After working as an internist in southern Nigeria for six years, Dr. Utibe Effiong, a 2014 alumnus of the University of Michigan’s Master of Public Health program and current U-M SPH research scientist, was inspired to look at the broader determinants of health and health care in the developing world. Dr. Effiong, who now specializes in environmental health and epidemiology, recently applied this lens in investigating the current Ebola crisis in Africa for The Aspen Institute’s New Voices blog.
[Photo: Dr. Utibe Effiong]
In his seven years of medical education and six years working as an internist in southern Nigeria, Dr. Effiong experienced first-hand the true nature of the health system in the world’s most populous Black nation. “In the 250-bed hospital where I worked, as in most Nigerian hospitals, the water was piped almost only into the restrooms. Most patients were cared for in open wards housing up to 20 beds with only one sink at one end of the ward. The few who could afford it received care in private rooms that had no sinks except in the restroom. To make matters worse, water was often not available because of frequent electric power cuts and poor maintenance of the power generators that were required to pump up the water,” he writes in “Ebola: One Treatment, Two Doctors, Two Health Systems, and Two Different Outcomes”.
Dr.

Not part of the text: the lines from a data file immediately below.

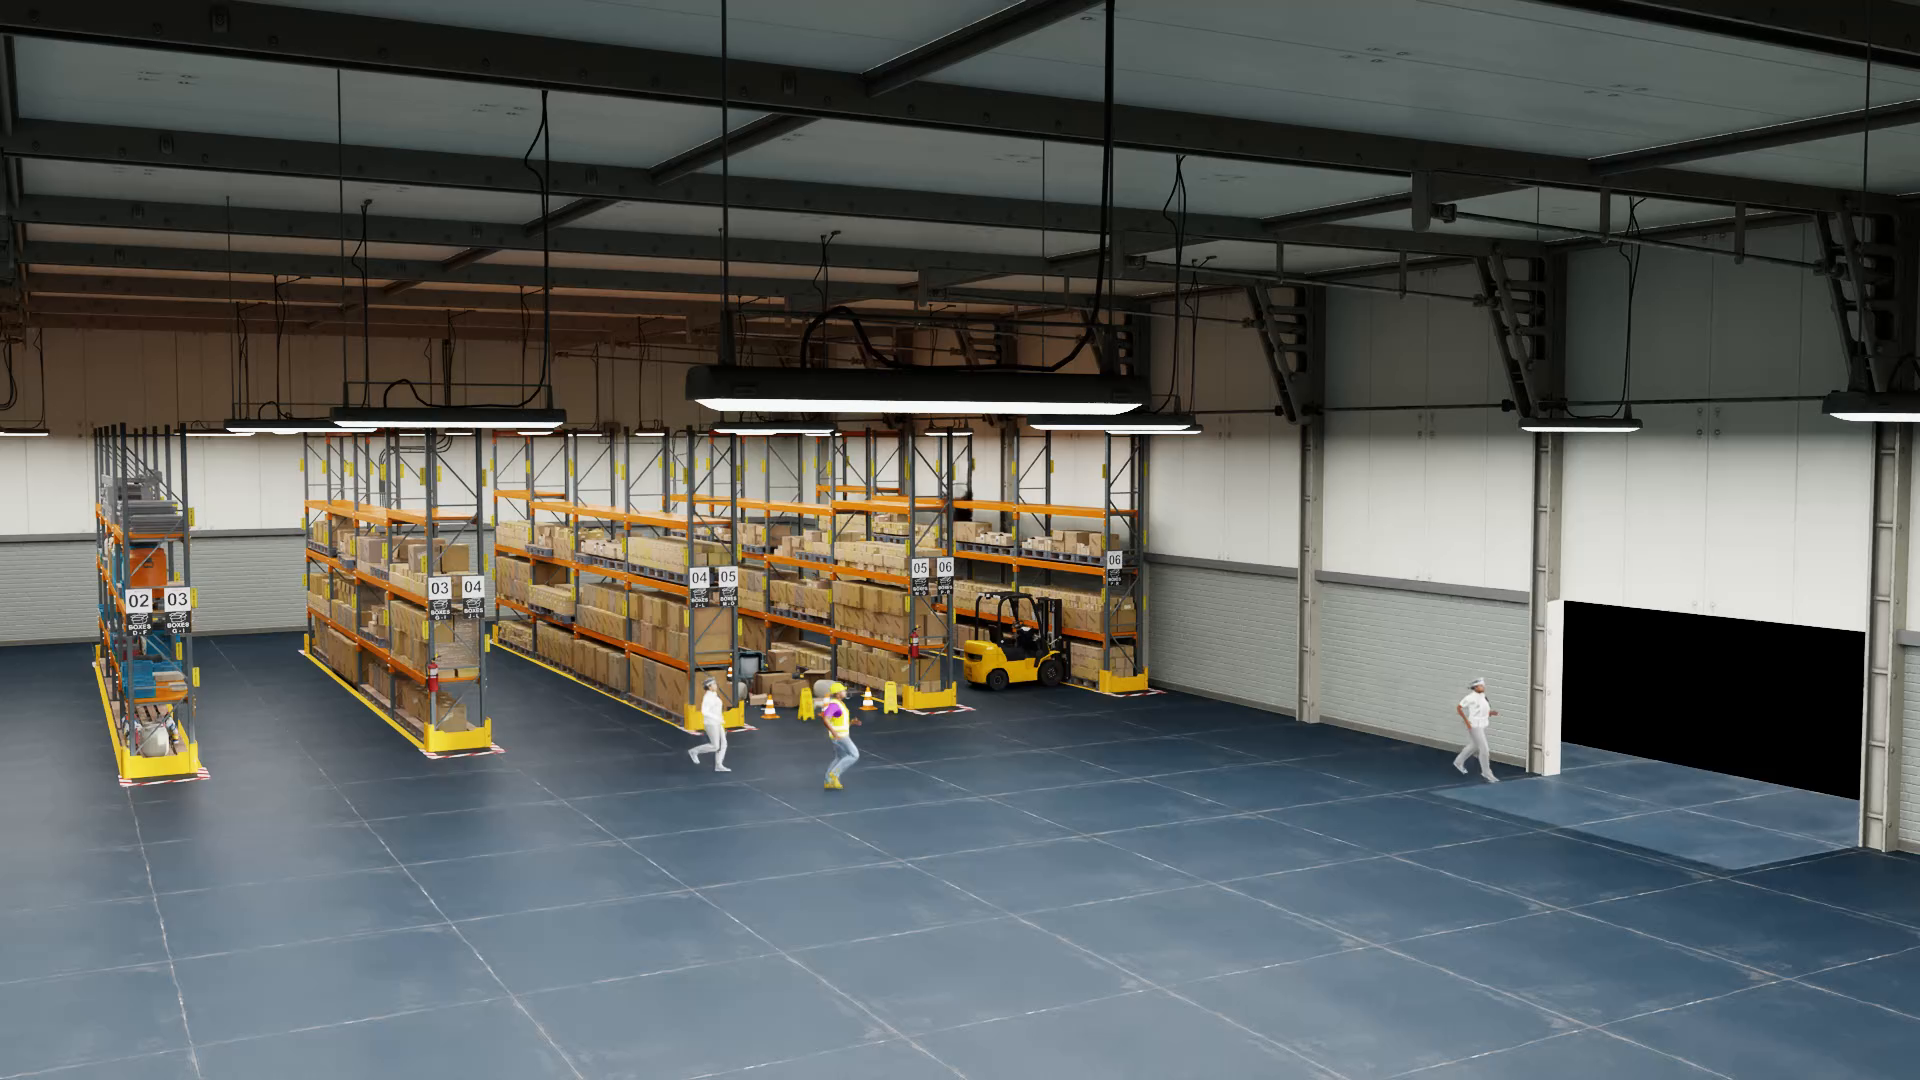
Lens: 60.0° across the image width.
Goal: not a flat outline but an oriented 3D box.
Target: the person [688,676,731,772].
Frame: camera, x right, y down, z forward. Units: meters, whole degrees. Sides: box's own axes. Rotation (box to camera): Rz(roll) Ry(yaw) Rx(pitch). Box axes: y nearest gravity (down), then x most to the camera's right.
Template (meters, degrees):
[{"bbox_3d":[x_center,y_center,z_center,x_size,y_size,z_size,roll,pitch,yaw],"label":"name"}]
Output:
[{"bbox_3d":[-4.295,3.162,28.596,0.729,1.667,0.610,0,3,5],"label":"person"}]

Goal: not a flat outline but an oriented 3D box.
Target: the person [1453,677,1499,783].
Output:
[{"bbox_3d":[8.710,3.164,28.002,0.839,1.725,0.566,3,5,42],"label":"person"}]

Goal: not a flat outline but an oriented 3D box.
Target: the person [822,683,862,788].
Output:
[{"bbox_3d":[-1.926,3.196,27.182,0.634,1.724,0.683,0,3,-4],"label":"person"}]
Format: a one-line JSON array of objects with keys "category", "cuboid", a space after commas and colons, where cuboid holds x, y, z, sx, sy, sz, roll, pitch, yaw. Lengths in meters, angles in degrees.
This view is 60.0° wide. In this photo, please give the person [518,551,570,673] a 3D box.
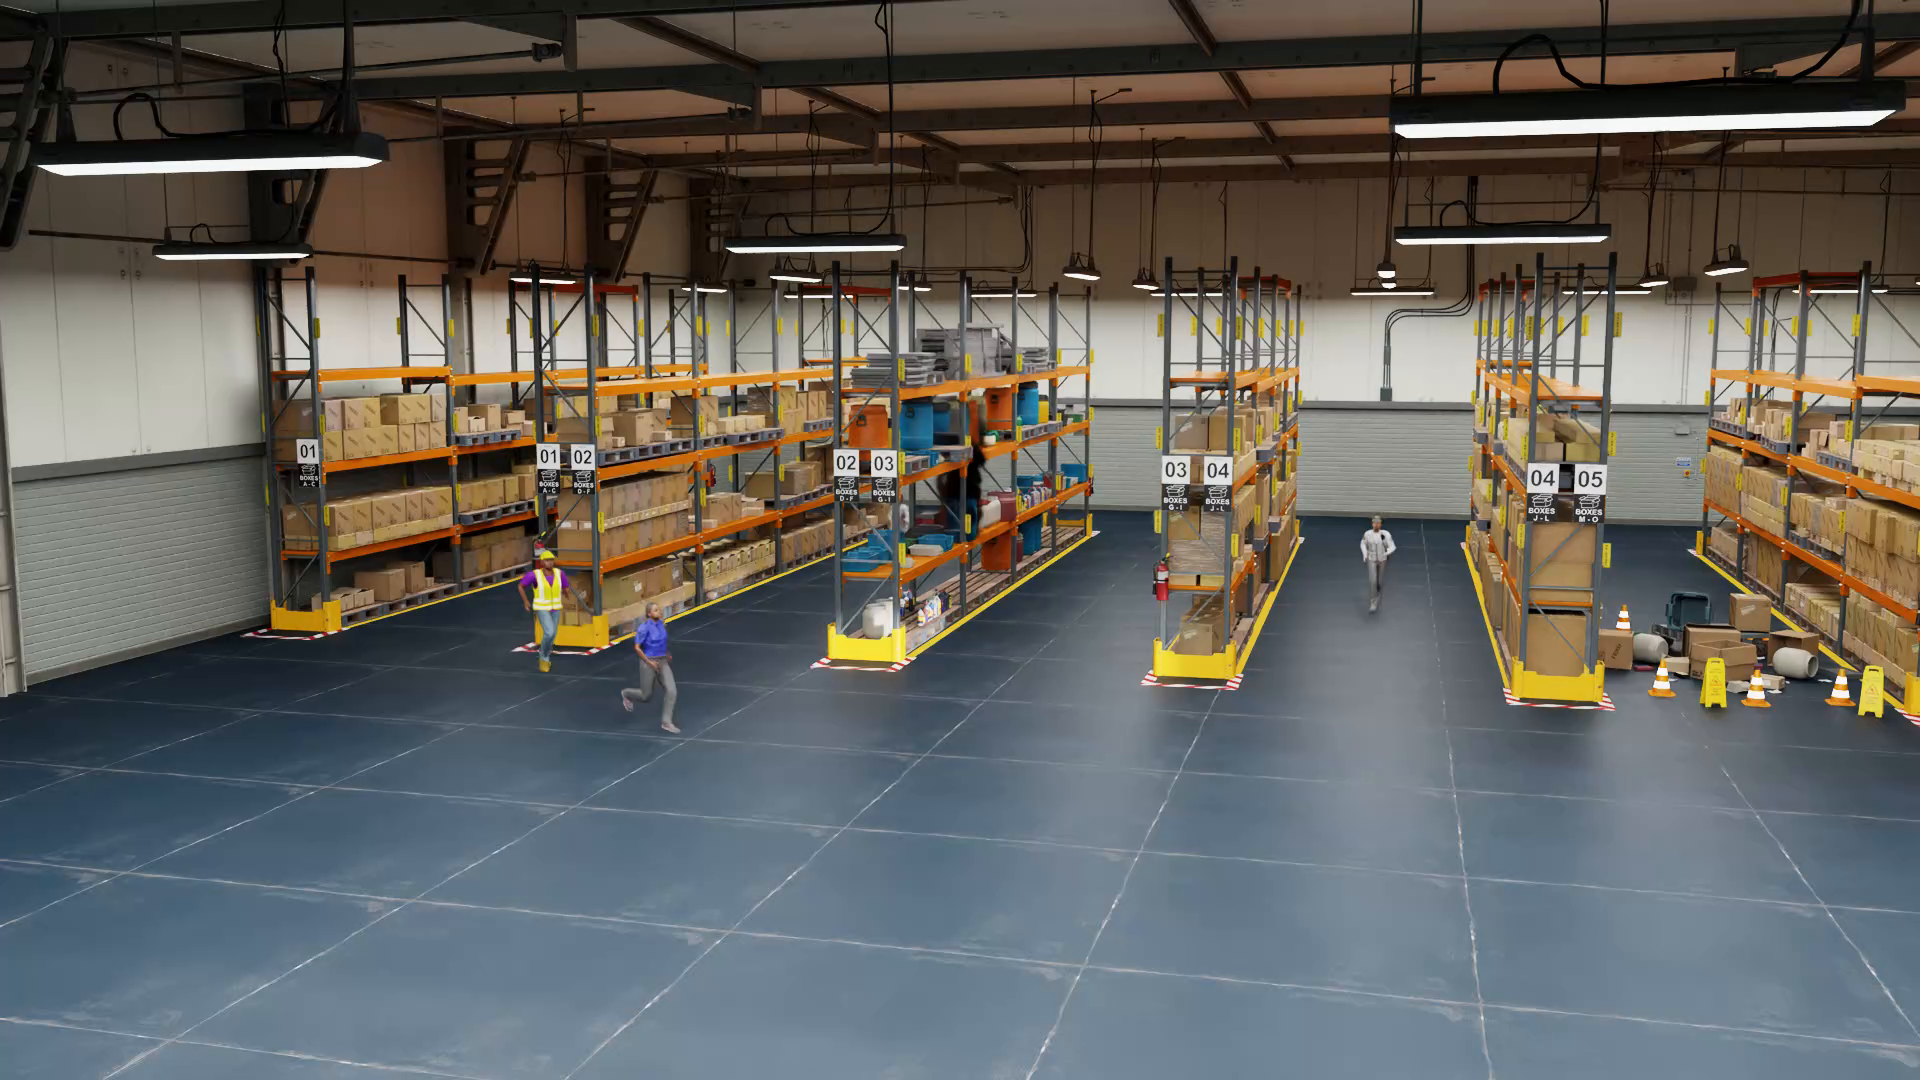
[{"category": "person", "cuboid": [-6.035, 1.050, 24.427, 0.684, 1.797, 0.739, -7, 10, -43]}]

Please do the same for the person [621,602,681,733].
[{"category": "person", "cuboid": [-3.866, 1.587, 20.885, 0.892, 1.632, 0.564, 6, 9, 37]}]

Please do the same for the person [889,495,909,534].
[{"category": "person", "cuboid": [-1.185, -0.093, 31.928, 0.507, 1.669, 0.672, 2, 7, 14]}]

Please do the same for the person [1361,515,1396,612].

Effiong cites other reasons that have contributed to Ebola’s spread, including ineffective barrier nursing, the lack of personal protective equipment, and inadequate patient isolation.
Citing the hospital discharge of American Dr. Kent Brantly, a recovering Ebola patient, Dr. Effiong mentions that “it is likely that the intensive care Dr. Brantly received at Emory University Hospital played a major role in his survival. Certain basic interventions, when used early, can increase the chances of survival for Ebola patients. These include providing intravenous fluids and balancing electrolytes (body salts), maintaining oxygen status, and blood pressure, and treating other infections if they occur. In the intensive care units of most Nigerian hospitals — and likely in Liberia — the gadgetry for properly monitoring a patient’s blood pressure, as well as oxygen, fluid, and electrolyte status are nonexistent.”
“Sadly, the health system in Africa’s largest economy and West Africa’s richest nation is one which promotes the spread of infectious diseases such as Ebola,” Dr. Effiong writes. “If this is the case in Nigeria, it is hard to imagine that that there could be better conditions in the poorer nations of West Africa.”